The original design hit a snag once Pajitnov realized how quickly the screen filled up with tiles. “The playfield filled up in 20 seconds flat. Also, once you’d filled a line, it was kind of dead, so why keep it on the screen? So I made each full line disappear, which was key.”
Elsewhere, he reflects on Nintendo’s “embarrassing” choice to use Tchaikovsky’s Nutcracker theme for the game’s music. “When kids of the world hear these pieces of music, they start screaming: ‘Tetris! Tetris!’ That’s not very good for Russian culture.”
Rogers’ story of acquiring the game involves a trip to Moscow, where he made a nerve-wracking deal with Elorg (“the bureau handling the export of software”), assisted by the KGB.

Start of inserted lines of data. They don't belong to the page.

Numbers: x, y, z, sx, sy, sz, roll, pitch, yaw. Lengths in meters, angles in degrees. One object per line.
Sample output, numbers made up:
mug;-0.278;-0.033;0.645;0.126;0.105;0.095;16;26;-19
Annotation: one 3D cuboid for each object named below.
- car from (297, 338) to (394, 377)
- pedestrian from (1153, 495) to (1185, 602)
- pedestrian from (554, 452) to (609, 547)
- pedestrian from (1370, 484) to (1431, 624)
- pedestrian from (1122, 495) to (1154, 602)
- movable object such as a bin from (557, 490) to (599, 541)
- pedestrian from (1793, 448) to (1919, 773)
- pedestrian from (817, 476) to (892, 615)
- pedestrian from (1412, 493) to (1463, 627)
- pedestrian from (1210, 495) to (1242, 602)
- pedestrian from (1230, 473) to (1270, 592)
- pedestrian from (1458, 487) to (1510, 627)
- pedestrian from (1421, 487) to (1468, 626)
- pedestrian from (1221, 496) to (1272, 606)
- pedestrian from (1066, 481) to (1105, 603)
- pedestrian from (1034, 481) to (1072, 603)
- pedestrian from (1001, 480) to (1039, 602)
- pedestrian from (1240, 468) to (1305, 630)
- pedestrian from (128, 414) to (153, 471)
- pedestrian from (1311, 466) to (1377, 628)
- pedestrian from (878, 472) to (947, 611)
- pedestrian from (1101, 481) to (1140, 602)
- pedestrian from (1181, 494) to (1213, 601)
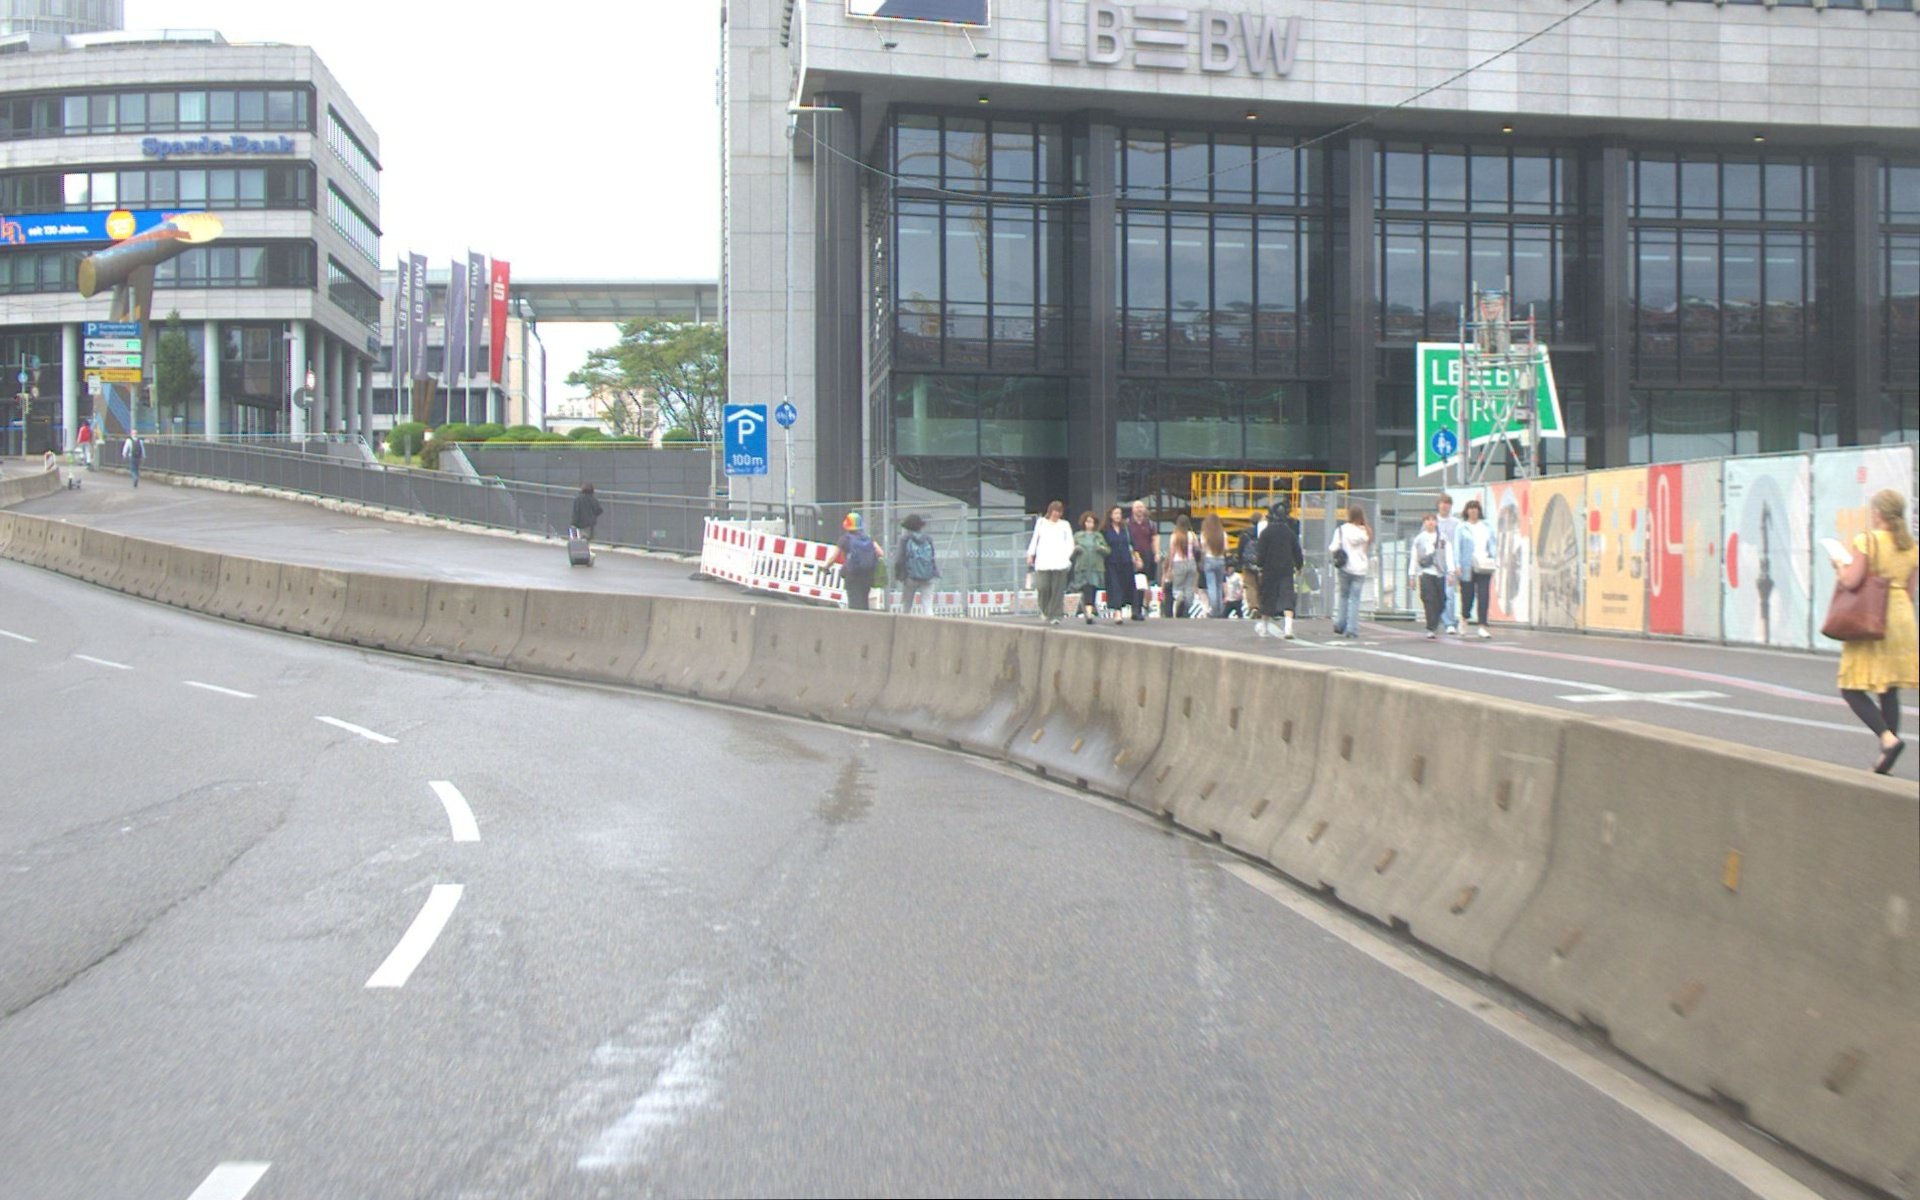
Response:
car;-24.954;-9.838;139.605;1.625;1.430;3.732;2;3;39
pedestrian;3.348;-0.825;54.998;0.448;1.699;0.646;1;2;8
pedestrian;-7.188;-1.899;65.250;0.756;1.784;1.057;0;1;-22
pedestrian;5.390;-0.572;42.072;0.625;1.699;0.647;1;2;-2
pedestrian;2.852;-0.833;55.114;0.448;1.699;0.646;1;2;8
movable object such as a bin;-7.222;-1.594;64.950;0.598;0.930;0.742;1;-1;-22
pedestrian;5.335;0.055;19.993;0.732;1.848;0.831;1;1;-2
pedestrian;-1.261;-0.655;40.958;0.750;1.636;0.824;0;2;-13
pedestrian;6.127;-0.514;44.109;0.500;1.699;0.733;1;2;-2
pedestrian;4.251;-0.826;54.860;0.448;1.699;0.646;1;2;8
pedestrian;4.421;-1.034;52.473;0.529;1.812;0.536;1;1;-1
pedestrian;6.450;-0.536;42.326;0.502;1.699;0.647;1;2;-2
pedestrian;5.954;-0.539;42.267;0.448;1.699;0.647;1;2;-2
pedestrian;4.480;-0.775;53.792;0.511;1.699;0.574;-1;2;-38
pedestrian;1.771;-0.824;48.565;0.453;1.699;0.647;0;2;-5
pedestrian;1.307;-0.820;48.297;0.448;1.699;0.647;0;2;-5
pedestrian;0.839;-0.836;48.261;0.448;1.699;0.647;0;2;-5
pedestrian;3.924;-0.652;43.137;0.784;2.006;0.863;1;2;6
pedestrian;-25.485;-4.896;106.915;0.625;1.758;0.590;1;2;1
pedestrian;4.812;-0.674;43.126;0.784;2.006;0.863;1;2;6
pedestrian;-0.568;-0.702;41.117;0.658;1.636;0.824;0;2;-13
pedestrian;2.267;-0.839;48.664;0.448;1.699;0.647;0;2;-5
pedestrian;3.789;-0.847;54.938;0.448;1.699;0.646;1;2;8
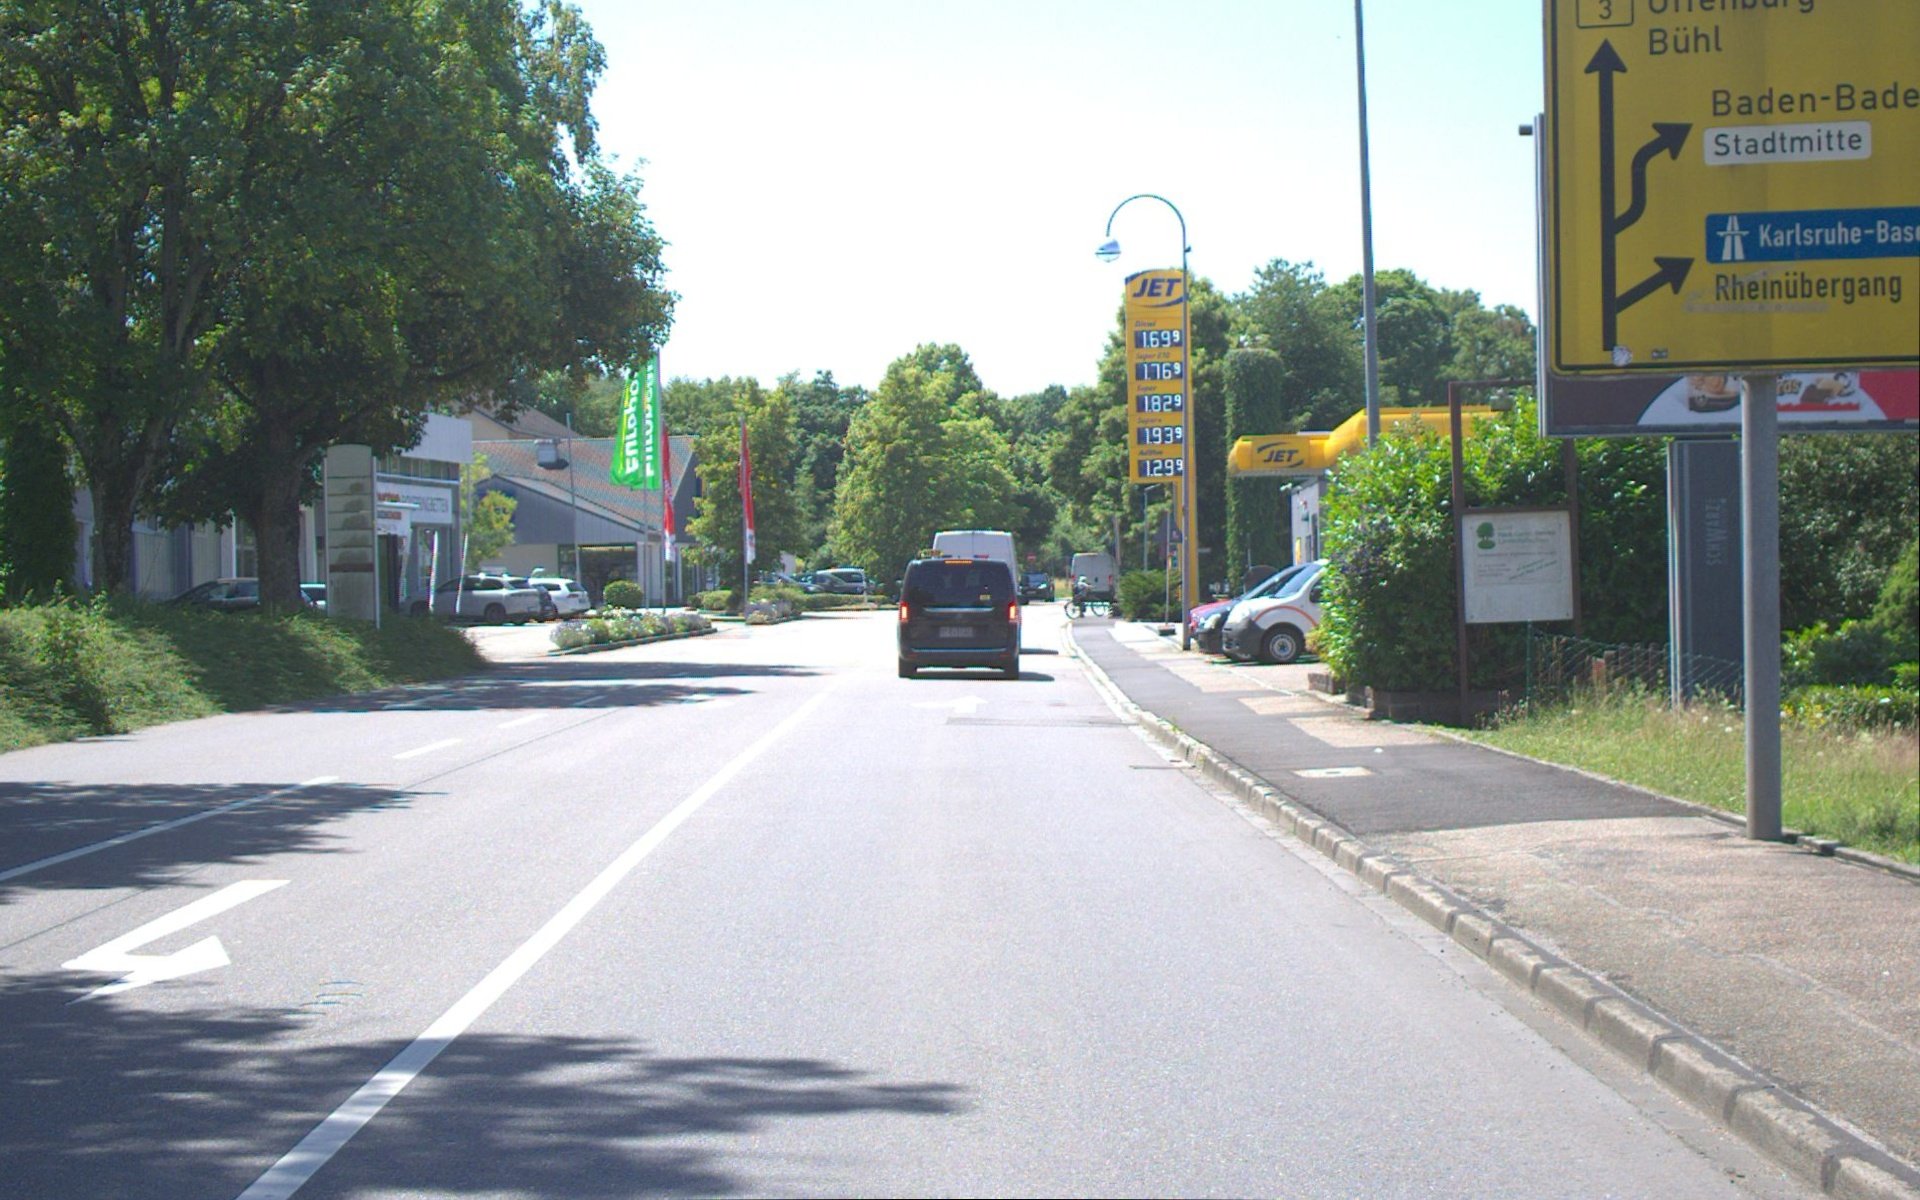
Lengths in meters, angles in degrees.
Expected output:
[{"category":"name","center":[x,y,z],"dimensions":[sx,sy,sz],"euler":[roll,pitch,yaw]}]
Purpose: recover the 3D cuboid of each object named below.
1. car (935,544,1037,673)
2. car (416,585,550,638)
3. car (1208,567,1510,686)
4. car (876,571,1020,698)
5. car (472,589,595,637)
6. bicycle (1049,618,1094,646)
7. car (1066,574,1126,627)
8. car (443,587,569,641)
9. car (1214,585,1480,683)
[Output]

“The director of Elorg, a Mr. Belikov, told me they had never given rights to anybody,” he says. “I was in deep kimchi, because I had 200,000 game cartridges at $10 apiece being manufactured in Japan, and I’d put up all of my in-laws’ property up as collateral. We reconvened the following day and they had a lineup of 10 people – KGB, business guys, lawyers, Alexey – who grilled me for two hours.”
The game eventually became an addictive classic on the hand-held Game Boy platform and its modern version remains popular on mobile phones. Thirty years later, people are still getting pleasure from this mind-numbing game – and according to Dr. Tom Stafford in a new interview with The Daily Mail, there’s a scientific basis behind the game’s obsessive appeal.
Tetris works because of the “Zeigarnik effect,” which suggests that “people more easily remember uncompleted tasks than those that they have finished.”
“Tetris does this wonderfully,” he says. “It presents a world of perpetual uncompleted tasks. . . It involves us in a compulsive loop of completing and generating new tasks and that keeps us endlessly playing.”